■ **Exercise description**
Pull every line from the records that has the word "Black" in it.

■ **Extracted data**
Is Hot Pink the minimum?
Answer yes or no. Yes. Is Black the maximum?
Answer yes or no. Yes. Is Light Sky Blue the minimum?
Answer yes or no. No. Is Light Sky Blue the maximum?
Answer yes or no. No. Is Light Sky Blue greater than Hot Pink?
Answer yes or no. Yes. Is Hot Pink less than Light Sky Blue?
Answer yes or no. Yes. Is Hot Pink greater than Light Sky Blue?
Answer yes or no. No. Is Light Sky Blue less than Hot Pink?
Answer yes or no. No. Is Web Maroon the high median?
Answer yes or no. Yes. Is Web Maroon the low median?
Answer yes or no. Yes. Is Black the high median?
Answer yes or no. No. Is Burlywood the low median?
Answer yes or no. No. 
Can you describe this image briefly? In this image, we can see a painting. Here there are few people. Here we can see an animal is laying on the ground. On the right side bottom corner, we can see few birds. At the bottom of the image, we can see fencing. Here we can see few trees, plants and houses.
==
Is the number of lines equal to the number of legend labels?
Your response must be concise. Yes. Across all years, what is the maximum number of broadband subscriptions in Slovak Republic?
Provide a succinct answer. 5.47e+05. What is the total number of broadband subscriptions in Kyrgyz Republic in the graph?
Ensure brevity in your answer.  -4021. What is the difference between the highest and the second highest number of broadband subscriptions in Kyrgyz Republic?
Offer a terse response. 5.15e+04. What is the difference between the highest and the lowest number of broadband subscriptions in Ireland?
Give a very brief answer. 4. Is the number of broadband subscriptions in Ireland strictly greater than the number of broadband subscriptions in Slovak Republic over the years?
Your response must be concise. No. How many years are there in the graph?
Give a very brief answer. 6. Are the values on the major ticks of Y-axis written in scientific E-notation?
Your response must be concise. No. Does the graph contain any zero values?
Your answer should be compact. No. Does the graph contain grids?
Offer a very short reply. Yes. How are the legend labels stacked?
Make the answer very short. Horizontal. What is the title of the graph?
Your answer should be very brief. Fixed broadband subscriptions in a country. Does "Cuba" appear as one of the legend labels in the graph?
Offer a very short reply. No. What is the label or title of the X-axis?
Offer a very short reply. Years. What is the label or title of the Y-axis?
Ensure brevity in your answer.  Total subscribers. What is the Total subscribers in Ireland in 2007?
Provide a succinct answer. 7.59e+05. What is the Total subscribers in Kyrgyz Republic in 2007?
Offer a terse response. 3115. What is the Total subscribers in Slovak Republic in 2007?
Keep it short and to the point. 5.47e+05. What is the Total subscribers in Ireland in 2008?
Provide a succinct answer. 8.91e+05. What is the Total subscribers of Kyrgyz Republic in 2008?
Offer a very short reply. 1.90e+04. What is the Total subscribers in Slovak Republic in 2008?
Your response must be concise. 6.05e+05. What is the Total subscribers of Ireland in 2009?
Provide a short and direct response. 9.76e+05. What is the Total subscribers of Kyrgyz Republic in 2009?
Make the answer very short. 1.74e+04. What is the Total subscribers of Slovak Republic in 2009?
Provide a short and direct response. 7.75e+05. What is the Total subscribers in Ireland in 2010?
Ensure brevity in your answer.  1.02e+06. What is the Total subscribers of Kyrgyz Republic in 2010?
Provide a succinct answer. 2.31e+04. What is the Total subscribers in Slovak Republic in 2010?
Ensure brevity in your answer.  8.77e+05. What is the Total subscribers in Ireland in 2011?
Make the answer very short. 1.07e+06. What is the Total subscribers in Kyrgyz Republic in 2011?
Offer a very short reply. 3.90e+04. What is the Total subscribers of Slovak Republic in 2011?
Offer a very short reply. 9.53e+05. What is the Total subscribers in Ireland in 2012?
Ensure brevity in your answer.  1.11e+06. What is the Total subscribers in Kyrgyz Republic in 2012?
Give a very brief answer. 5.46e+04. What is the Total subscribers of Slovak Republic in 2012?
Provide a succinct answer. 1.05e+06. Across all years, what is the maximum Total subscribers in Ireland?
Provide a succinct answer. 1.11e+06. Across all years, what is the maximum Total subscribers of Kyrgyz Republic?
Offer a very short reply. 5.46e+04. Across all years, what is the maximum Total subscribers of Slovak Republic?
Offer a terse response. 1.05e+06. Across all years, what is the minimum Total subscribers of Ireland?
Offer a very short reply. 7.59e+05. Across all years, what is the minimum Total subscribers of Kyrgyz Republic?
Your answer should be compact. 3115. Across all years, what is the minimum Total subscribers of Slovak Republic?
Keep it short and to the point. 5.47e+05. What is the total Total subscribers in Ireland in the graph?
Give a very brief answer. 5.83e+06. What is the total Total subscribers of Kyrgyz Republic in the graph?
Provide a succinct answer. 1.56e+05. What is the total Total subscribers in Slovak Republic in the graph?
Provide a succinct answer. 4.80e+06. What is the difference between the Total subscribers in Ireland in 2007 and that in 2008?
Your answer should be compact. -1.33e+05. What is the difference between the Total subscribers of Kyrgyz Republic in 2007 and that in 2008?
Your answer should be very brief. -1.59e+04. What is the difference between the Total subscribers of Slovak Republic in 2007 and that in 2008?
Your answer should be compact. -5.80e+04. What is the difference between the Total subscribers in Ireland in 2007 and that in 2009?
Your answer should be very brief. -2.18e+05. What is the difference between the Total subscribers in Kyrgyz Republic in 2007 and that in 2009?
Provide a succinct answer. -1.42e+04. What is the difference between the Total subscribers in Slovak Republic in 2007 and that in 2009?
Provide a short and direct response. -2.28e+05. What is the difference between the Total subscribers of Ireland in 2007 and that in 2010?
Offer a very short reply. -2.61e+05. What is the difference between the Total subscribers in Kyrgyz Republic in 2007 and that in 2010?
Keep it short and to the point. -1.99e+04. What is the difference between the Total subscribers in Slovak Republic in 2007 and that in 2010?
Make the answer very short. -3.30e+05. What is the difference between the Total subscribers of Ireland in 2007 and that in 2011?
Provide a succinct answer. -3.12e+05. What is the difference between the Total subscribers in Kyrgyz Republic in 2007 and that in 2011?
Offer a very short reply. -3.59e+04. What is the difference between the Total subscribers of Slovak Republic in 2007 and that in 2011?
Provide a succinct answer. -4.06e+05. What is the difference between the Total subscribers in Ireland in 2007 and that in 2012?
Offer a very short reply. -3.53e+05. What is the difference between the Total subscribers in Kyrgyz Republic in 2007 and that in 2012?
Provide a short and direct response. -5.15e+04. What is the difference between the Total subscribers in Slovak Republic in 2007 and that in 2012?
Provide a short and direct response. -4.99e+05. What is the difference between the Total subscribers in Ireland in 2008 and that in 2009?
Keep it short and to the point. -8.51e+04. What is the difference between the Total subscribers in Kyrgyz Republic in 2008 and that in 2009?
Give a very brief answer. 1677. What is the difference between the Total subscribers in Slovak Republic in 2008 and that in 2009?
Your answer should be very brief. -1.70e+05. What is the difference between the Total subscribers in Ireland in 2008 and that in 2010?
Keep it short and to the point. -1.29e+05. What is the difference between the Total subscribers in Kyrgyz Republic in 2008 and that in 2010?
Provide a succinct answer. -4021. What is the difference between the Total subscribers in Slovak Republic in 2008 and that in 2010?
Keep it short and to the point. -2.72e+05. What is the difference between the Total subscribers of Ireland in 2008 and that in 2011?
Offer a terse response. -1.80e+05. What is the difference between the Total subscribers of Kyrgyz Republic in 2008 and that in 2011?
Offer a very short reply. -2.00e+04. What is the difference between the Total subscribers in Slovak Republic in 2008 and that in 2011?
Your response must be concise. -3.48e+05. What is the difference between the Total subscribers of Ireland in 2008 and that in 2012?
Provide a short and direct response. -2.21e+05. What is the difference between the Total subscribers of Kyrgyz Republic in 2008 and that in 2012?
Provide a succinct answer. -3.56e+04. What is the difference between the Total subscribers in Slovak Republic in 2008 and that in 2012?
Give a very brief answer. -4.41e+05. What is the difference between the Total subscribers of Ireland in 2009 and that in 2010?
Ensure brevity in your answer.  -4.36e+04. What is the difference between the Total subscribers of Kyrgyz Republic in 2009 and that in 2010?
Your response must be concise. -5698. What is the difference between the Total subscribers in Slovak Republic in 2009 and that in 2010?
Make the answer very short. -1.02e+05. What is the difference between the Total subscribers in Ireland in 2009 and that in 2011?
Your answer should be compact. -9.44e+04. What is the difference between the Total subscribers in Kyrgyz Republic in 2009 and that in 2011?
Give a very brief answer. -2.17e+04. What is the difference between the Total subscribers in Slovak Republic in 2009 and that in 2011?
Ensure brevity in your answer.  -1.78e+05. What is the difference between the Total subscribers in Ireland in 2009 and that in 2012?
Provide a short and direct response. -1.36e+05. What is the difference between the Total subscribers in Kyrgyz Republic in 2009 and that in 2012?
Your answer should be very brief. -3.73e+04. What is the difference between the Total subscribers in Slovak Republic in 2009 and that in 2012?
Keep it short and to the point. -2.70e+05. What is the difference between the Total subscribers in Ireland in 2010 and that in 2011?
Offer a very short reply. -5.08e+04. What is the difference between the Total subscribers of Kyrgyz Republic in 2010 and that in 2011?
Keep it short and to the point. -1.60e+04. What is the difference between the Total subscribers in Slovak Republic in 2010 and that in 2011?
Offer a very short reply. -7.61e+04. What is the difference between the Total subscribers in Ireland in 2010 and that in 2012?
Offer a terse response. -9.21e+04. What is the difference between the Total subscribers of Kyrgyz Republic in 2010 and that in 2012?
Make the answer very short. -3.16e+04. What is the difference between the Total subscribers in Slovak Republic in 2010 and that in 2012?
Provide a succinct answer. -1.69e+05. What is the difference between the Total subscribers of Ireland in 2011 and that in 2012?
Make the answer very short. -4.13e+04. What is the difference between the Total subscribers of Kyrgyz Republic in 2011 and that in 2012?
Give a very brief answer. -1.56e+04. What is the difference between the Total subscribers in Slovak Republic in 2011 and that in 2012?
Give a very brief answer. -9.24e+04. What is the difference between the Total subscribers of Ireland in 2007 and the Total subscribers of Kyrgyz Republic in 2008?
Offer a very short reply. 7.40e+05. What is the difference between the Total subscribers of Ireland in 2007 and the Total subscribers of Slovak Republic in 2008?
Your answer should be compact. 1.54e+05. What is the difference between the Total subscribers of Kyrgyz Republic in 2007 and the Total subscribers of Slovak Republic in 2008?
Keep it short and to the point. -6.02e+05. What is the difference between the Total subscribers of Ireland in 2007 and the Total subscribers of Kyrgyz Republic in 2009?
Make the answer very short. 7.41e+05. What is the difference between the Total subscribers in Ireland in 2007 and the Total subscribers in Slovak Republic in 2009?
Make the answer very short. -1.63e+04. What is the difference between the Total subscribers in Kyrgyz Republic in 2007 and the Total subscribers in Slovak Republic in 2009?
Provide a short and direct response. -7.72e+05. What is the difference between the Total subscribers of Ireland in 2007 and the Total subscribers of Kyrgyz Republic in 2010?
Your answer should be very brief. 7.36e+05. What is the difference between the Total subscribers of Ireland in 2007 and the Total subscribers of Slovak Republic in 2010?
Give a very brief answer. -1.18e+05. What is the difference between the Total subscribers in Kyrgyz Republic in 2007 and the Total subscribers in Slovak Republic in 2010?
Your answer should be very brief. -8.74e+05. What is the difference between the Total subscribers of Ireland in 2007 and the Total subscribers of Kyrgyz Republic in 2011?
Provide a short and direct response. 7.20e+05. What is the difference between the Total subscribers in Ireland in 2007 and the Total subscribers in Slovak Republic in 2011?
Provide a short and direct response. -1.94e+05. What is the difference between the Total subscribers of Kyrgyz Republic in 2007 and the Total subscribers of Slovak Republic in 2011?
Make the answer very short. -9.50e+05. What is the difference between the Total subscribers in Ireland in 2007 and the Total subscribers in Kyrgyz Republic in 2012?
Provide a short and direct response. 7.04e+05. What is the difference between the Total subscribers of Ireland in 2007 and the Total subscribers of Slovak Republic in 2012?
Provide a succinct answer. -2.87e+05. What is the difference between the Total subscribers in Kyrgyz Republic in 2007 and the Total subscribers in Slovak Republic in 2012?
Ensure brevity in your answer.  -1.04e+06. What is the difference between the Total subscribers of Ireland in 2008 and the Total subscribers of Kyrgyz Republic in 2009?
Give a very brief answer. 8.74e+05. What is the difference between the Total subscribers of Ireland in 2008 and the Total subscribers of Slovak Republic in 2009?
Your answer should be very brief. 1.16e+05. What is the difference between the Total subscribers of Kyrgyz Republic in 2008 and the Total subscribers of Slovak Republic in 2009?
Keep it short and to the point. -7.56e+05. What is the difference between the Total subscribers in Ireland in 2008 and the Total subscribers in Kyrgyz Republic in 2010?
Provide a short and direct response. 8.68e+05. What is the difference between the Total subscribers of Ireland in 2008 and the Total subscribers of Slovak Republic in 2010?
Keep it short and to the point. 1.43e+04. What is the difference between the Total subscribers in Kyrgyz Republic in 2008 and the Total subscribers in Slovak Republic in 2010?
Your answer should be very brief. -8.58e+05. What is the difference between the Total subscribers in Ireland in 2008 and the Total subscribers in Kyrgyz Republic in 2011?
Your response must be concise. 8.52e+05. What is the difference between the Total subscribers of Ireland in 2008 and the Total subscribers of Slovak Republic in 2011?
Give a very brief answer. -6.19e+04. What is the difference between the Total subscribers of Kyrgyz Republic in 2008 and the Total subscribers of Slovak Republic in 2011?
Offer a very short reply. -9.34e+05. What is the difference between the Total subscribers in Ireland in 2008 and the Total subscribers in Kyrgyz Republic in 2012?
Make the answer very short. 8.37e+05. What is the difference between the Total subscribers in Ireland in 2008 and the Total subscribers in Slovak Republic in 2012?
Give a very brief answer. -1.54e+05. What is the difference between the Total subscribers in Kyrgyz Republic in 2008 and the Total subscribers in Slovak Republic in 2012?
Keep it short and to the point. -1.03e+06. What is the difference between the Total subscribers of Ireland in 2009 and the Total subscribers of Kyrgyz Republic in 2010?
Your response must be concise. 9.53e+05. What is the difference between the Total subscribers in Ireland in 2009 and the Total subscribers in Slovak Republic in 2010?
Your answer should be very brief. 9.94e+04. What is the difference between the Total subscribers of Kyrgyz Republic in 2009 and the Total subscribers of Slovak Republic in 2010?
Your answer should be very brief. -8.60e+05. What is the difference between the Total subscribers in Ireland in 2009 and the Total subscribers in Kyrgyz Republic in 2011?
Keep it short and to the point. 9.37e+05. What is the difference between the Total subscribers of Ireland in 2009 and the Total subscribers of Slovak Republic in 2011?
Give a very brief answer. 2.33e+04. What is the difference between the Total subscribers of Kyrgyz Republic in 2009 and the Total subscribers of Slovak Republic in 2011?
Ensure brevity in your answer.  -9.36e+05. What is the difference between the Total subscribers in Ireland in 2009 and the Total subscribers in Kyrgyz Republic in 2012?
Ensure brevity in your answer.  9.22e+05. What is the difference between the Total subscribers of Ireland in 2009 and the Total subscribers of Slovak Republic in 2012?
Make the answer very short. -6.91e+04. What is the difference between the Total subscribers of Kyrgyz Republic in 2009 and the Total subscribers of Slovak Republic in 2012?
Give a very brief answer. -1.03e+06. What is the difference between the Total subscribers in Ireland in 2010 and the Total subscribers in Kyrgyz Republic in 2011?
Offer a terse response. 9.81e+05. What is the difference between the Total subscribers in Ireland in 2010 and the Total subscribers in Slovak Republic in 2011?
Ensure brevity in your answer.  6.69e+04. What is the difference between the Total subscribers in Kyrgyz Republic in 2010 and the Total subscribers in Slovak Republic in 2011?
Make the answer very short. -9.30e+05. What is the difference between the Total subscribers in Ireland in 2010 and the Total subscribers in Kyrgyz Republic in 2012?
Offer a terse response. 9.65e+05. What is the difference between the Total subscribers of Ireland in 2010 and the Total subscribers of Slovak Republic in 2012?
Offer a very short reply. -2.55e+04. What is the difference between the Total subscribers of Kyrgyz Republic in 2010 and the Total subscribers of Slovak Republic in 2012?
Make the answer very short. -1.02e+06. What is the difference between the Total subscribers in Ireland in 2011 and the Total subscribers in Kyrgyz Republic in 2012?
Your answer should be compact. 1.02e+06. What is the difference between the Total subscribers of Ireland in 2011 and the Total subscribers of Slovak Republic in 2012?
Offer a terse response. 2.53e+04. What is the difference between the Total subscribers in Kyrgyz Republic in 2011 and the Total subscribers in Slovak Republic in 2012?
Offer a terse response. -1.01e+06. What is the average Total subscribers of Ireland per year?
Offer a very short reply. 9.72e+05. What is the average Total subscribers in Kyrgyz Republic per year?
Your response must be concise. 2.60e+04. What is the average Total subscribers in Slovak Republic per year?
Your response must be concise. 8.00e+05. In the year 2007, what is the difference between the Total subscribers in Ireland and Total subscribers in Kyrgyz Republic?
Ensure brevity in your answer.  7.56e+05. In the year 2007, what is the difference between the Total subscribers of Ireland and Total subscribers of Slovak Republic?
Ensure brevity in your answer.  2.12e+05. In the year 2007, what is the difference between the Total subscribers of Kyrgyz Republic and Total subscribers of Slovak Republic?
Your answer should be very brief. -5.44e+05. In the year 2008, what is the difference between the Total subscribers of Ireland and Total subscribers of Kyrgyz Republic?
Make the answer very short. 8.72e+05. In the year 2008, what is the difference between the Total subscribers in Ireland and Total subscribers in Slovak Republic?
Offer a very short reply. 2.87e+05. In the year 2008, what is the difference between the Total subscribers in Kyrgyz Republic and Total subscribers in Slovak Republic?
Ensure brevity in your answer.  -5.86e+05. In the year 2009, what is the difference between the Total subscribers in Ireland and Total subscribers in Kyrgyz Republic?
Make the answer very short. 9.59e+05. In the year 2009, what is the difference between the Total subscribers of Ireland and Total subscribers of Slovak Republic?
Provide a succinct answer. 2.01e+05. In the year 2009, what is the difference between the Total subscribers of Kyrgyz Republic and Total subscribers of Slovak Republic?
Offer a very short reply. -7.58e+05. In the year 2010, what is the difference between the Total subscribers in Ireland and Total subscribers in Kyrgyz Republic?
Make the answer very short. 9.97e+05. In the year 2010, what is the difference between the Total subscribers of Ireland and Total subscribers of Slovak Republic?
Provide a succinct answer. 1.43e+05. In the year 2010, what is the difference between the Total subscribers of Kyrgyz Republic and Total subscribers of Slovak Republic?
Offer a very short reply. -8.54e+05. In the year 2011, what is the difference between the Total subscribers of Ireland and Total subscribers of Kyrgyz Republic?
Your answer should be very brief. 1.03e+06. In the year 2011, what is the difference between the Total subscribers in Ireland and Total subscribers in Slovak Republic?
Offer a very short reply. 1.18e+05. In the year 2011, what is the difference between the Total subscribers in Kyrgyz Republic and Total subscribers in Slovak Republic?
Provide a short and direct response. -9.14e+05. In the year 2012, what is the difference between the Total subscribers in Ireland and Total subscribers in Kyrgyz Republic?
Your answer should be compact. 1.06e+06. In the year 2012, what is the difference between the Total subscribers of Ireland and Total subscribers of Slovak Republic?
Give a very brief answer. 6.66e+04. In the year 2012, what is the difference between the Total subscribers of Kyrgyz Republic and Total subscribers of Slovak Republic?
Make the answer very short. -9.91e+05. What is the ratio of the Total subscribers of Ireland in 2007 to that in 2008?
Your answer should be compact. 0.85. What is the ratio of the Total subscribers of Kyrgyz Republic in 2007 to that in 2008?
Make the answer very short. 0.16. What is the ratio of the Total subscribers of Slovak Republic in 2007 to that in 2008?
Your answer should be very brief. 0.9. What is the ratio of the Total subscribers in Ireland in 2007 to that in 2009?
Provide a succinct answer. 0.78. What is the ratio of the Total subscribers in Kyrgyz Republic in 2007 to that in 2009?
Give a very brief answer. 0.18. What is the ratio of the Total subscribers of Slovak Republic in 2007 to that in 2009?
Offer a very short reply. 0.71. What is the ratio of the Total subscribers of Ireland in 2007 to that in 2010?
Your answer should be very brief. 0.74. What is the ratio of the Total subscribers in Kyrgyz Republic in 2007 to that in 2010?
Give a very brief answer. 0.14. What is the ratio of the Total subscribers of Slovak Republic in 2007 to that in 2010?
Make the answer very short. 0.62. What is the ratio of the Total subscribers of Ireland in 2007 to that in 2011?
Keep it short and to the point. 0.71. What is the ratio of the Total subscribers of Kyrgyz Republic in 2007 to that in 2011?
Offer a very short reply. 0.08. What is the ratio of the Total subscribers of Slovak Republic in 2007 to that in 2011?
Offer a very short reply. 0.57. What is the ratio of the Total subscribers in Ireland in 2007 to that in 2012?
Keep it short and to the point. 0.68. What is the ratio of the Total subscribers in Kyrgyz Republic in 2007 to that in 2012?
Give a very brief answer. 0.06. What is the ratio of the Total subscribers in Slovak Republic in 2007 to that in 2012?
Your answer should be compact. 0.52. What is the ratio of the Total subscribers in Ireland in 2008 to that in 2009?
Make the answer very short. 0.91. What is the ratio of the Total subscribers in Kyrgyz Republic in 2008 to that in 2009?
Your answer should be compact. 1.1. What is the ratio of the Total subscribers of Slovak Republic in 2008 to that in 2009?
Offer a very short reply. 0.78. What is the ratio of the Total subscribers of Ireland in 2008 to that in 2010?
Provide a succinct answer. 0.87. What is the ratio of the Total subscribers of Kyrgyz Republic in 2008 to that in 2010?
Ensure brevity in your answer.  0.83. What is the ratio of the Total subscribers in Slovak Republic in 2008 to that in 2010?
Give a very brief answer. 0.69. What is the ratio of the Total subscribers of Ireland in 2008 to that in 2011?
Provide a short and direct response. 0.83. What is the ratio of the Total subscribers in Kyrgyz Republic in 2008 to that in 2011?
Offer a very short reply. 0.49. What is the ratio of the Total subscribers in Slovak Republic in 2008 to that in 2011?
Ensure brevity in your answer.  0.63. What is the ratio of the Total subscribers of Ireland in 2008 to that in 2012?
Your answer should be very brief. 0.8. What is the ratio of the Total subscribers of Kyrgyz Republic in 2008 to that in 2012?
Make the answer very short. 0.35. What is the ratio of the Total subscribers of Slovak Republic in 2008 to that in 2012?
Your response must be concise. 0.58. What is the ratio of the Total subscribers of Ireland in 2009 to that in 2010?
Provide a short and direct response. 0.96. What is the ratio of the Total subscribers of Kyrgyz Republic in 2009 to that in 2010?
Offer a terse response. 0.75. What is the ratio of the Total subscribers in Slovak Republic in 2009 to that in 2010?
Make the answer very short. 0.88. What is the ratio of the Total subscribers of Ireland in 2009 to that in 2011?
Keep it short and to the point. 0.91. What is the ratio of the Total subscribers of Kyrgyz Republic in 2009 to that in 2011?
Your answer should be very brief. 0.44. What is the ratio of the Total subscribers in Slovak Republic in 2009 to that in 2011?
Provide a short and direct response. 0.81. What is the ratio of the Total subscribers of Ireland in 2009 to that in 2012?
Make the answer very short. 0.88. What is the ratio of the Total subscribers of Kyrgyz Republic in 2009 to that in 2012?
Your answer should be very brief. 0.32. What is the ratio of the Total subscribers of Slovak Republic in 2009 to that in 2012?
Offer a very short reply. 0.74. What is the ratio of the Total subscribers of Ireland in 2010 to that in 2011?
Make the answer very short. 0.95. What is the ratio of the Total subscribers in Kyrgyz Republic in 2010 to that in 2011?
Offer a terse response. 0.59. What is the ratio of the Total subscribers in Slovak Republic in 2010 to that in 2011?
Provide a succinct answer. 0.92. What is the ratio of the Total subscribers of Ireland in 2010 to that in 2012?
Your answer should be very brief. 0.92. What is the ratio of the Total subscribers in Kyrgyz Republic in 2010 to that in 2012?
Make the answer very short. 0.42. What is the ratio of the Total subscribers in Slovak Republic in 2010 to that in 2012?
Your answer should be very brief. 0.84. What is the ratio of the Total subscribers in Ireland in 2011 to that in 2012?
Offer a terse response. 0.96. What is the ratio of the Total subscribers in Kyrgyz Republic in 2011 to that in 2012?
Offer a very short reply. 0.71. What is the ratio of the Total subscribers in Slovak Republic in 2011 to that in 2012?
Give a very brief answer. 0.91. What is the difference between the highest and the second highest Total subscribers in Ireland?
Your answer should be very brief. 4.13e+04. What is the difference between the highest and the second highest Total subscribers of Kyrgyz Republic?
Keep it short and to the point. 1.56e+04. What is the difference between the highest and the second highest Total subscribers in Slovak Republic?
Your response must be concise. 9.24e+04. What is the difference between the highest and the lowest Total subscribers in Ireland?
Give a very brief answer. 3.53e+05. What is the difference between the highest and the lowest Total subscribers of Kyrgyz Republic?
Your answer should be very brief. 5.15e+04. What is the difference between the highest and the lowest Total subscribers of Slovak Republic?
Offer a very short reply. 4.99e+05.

■ **Answer for the task**
Answer yes or no. Yes. Is Black the maximum?
Answer yes or no. Yes. Is Black the high median?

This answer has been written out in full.